[jira] [Commented] (LUCENE-2454) Nested Document query support

Michael McCandless (JIRA) Thu, 26 May 2011 03:18:37 -0700

    [ 
https://issues.apache.org/jira/browse/LUCENE-2454?page=com.atlassian.jira.plugin.system.issuetabpanels:comment-tabpanel&focusedCommentId=13039623#comment-13039623
 ]


Michael McCandless commented on LUCENE-2454:
--------------------------------------------

bq. I'll need to check LUCENE-3129 for equivalence with PerParentLimitQuery. 
It's certainly a central part of what I typically deploy for nested queries - 
pass 1 is usually a NestedDocumentQuery to get the best parents and pass 2 uses 
PerParentLimitQuery to get the best children for these best parents.

Hmm, so I wonder if we could do this in one pass?  Ie, like grouping,
if you indexed your docs as blocks, you can use the faster single-pass
collector; but if you didn't, you can use the more general but slower
and more-RAM-consuming two pass collector.

It seems like we should be able to do something similar with joins,
somehow... ie Solr's join impl is a start at the "fully general"
two-pass solution.

But I agree the "join child to parent" and then "grouping of child
docs" go hand in hand for searching...

What do you do for facet counting in these apps...?  Post-grouping
faceting also ties in here.

bq.

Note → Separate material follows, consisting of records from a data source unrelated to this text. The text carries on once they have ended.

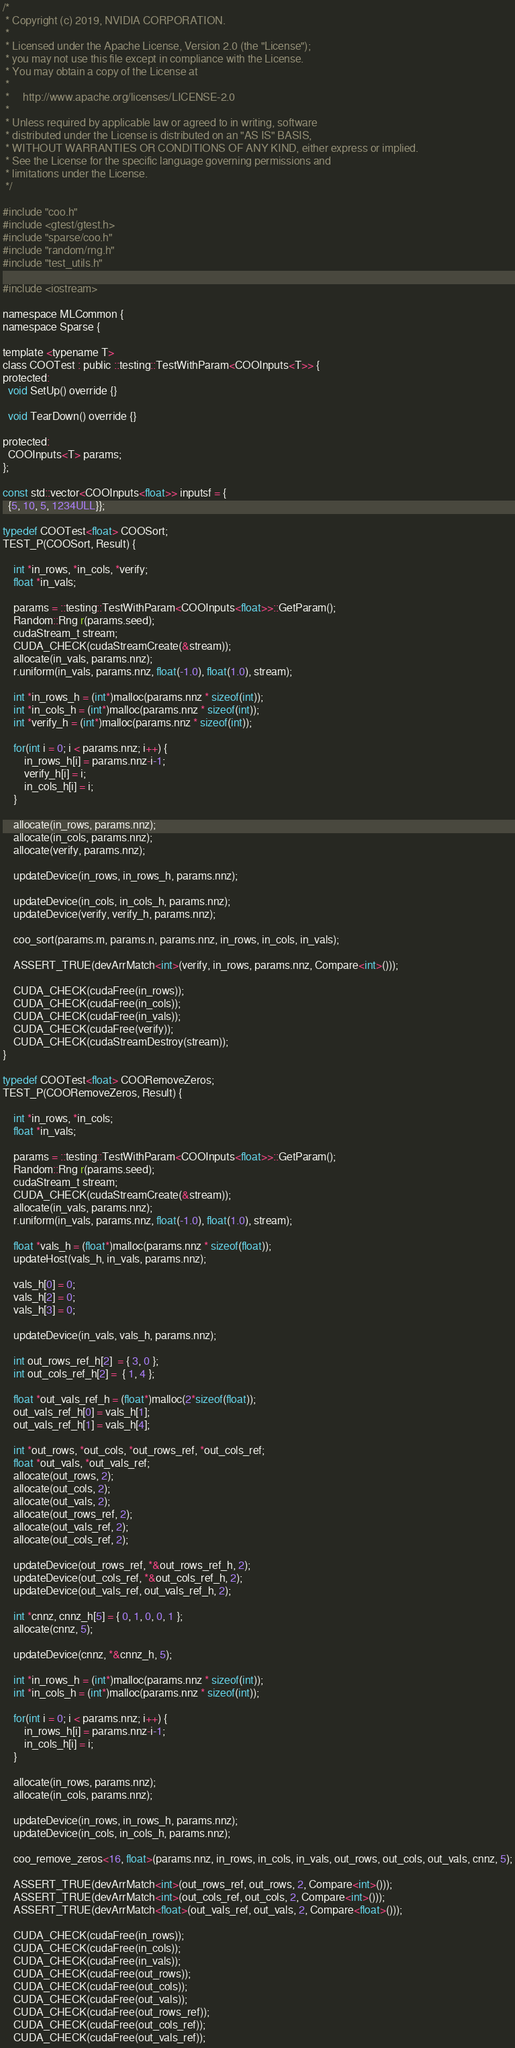Convert code to text. <code><loc_0><loc_0><loc_500><loc_500><_Cuda_>/*
 * Copyright (c) 2019, NVIDIA CORPORATION.
 *
 * Licensed under the Apache License, Version 2.0 (the "License");
 * you may not use this file except in compliance with the License.
 * You may obtain a copy of the License at
 *
 *     http://www.apache.org/licenses/LICENSE-2.0
 *
 * Unless required by applicable law or agreed to in writing, software
 * distributed under the License is distributed on an "AS IS" BASIS,
 * WITHOUT WARRANTIES OR CONDITIONS OF ANY KIND, either express or implied.
 * See the License for the specific language governing permissions and
 * limitations under the License.
 */

#include "coo.h"
#include <gtest/gtest.h>
#include "sparse/coo.h"
#include "random/rng.h"
#include "test_utils.h"

#include <iostream>

namespace MLCommon {
namespace Sparse {

template <typename T>
class COOTest : public ::testing::TestWithParam<COOInputs<T>> {
protected:
  void SetUp() override {}

  void TearDown() override {}

protected:
  COOInputs<T> params;
};

const std::vector<COOInputs<float>> inputsf = {
  {5, 10, 5, 1234ULL}};

typedef COOTest<float> COOSort;
TEST_P(COOSort, Result) {

    int *in_rows, *in_cols, *verify;
    float *in_vals;

    params = ::testing::TestWithParam<COOInputs<float>>::GetParam();
    Random::Rng r(params.seed);
    cudaStream_t stream;
    CUDA_CHECK(cudaStreamCreate(&stream));
    allocate(in_vals, params.nnz);
    r.uniform(in_vals, params.nnz, float(-1.0), float(1.0), stream);

    int *in_rows_h = (int*)malloc(params.nnz * sizeof(int));
    int *in_cols_h = (int*)malloc(params.nnz * sizeof(int));
    int *verify_h = (int*)malloc(params.nnz * sizeof(int));

    for(int i = 0; i < params.nnz; i++) {
        in_rows_h[i] = params.nnz-i-1;
        verify_h[i] = i;
        in_cols_h[i] = i;
    }

    allocate(in_rows, params.nnz);
    allocate(in_cols, params.nnz);
    allocate(verify, params.nnz);

    updateDevice(in_rows, in_rows_h, params.nnz);

    updateDevice(in_cols, in_cols_h, params.nnz);
    updateDevice(verify, verify_h, params.nnz);

    coo_sort(params.m, params.n, params.nnz, in_rows, in_cols, in_vals);

    ASSERT_TRUE(devArrMatch<int>(verify, in_rows, params.nnz, Compare<int>()));

    CUDA_CHECK(cudaFree(in_rows));
    CUDA_CHECK(cudaFree(in_cols));
    CUDA_CHECK(cudaFree(in_vals));
    CUDA_CHECK(cudaFree(verify));
    CUDA_CHECK(cudaStreamDestroy(stream));
}

typedef COOTest<float> COORemoveZeros;
TEST_P(COORemoveZeros, Result) {

    int *in_rows, *in_cols;
    float *in_vals;

    params = ::testing::TestWithParam<COOInputs<float>>::GetParam();
    Random::Rng r(params.seed);
    cudaStream_t stream;
    CUDA_CHECK(cudaStreamCreate(&stream));
    allocate(in_vals, params.nnz);
    r.uniform(in_vals, params.nnz, float(-1.0), float(1.0), stream);

    float *vals_h = (float*)malloc(params.nnz * sizeof(float));
    updateHost(vals_h, in_vals, params.nnz);

    vals_h[0] = 0;
    vals_h[2] = 0;
    vals_h[3] = 0;

    updateDevice(in_vals, vals_h, params.nnz);

    int out_rows_ref_h[2]  = { 3, 0 };
    int out_cols_ref_h[2] =  { 1, 4 };

    float *out_vals_ref_h = (float*)malloc(2*sizeof(float));
    out_vals_ref_h[0] = vals_h[1];
    out_vals_ref_h[1] = vals_h[4];

    int *out_rows, *out_cols, *out_rows_ref, *out_cols_ref;
    float *out_vals, *out_vals_ref;
    allocate(out_rows, 2);
    allocate(out_cols, 2);
    allocate(out_vals, 2);
    allocate(out_rows_ref, 2);
    allocate(out_vals_ref, 2);
    allocate(out_cols_ref, 2);

    updateDevice(out_rows_ref, *&out_rows_ref_h, 2);
    updateDevice(out_cols_ref, *&out_cols_ref_h, 2);
    updateDevice(out_vals_ref, out_vals_ref_h, 2);

    int *cnnz, cnnz_h[5] = { 0, 1, 0, 0, 1 };
    allocate(cnnz, 5);

    updateDevice(cnnz, *&cnnz_h, 5);

    int *in_rows_h = (int*)malloc(params.nnz * sizeof(int));
    int *in_cols_h = (int*)malloc(params.nnz * sizeof(int));

    for(int i = 0; i < params.nnz; i++) {
        in_rows_h[i] = params.nnz-i-1;
        in_cols_h[i] = i;
    }

    allocate(in_rows, params.nnz);
    allocate(in_cols, params.nnz);

    updateDevice(in_rows, in_rows_h, params.nnz);
    updateDevice(in_cols, in_cols_h, params.nnz);

    coo_remove_zeros<16, float>(params.nnz, in_rows, in_cols, in_vals, out_rows, out_cols, out_vals, cnnz, 5);

    ASSERT_TRUE(devArrMatch<int>(out_rows_ref, out_rows, 2, Compare<int>()));
    ASSERT_TRUE(devArrMatch<int>(out_cols_ref, out_cols, 2, Compare<int>()));
    ASSERT_TRUE(devArrMatch<float>(out_vals_ref, out_vals, 2, Compare<float>()));

    CUDA_CHECK(cudaFree(in_rows));
    CUDA_CHECK(cudaFree(in_cols));
    CUDA_CHECK(cudaFree(in_vals));
    CUDA_CHECK(cudaFree(out_rows));
    CUDA_CHECK(cudaFree(out_cols));
    CUDA_CHECK(cudaFree(out_vals));
    CUDA_CHECK(cudaFree(out_rows_ref));
    CUDA_CHECK(cudaFree(out_cols_ref));
    CUDA_CHECK(cudaFree(out_vals_ref));</code>

Of course some apps can simply fetch ALL children for the top parents but 
in some cases summarising children is required

Right...

bq.  (note: this is potentially a great solution for performance issues on 
highlighting big docs e.g. entire books).

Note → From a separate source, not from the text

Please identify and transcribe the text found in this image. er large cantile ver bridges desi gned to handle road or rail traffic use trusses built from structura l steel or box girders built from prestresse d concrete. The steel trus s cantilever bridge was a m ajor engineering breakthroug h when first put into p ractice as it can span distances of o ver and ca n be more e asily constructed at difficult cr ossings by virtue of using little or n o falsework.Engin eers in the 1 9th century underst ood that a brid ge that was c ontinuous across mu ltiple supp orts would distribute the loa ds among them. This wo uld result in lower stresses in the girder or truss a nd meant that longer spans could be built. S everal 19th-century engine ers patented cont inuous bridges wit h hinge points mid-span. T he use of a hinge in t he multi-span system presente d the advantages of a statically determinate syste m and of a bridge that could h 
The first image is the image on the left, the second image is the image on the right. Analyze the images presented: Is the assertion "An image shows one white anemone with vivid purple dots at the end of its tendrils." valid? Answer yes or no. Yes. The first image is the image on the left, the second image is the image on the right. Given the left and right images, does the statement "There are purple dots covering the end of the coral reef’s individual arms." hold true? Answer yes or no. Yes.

I think it'd be compelling to index book/articles with each
page/section/chapter being a new doc, and then group them under their
book/article.

bq. I haven't benchmarked nextSetBit vs the existing "rewind" implementation 
but I imagine it may be quicker.

I think it should be much faster -- obs.nextSetBit looks heavily
optimized, since it can operate a word at a time.  Though, if the
groups are smallish, so that nextSetBit is often maybe 2 or 3 bits
away, I'm not sure it'd be faster...

bq. Parent- followed-by-children seems more natural from a user's point of view 
however.

But is it really so bad to ask the app to put parent doc last?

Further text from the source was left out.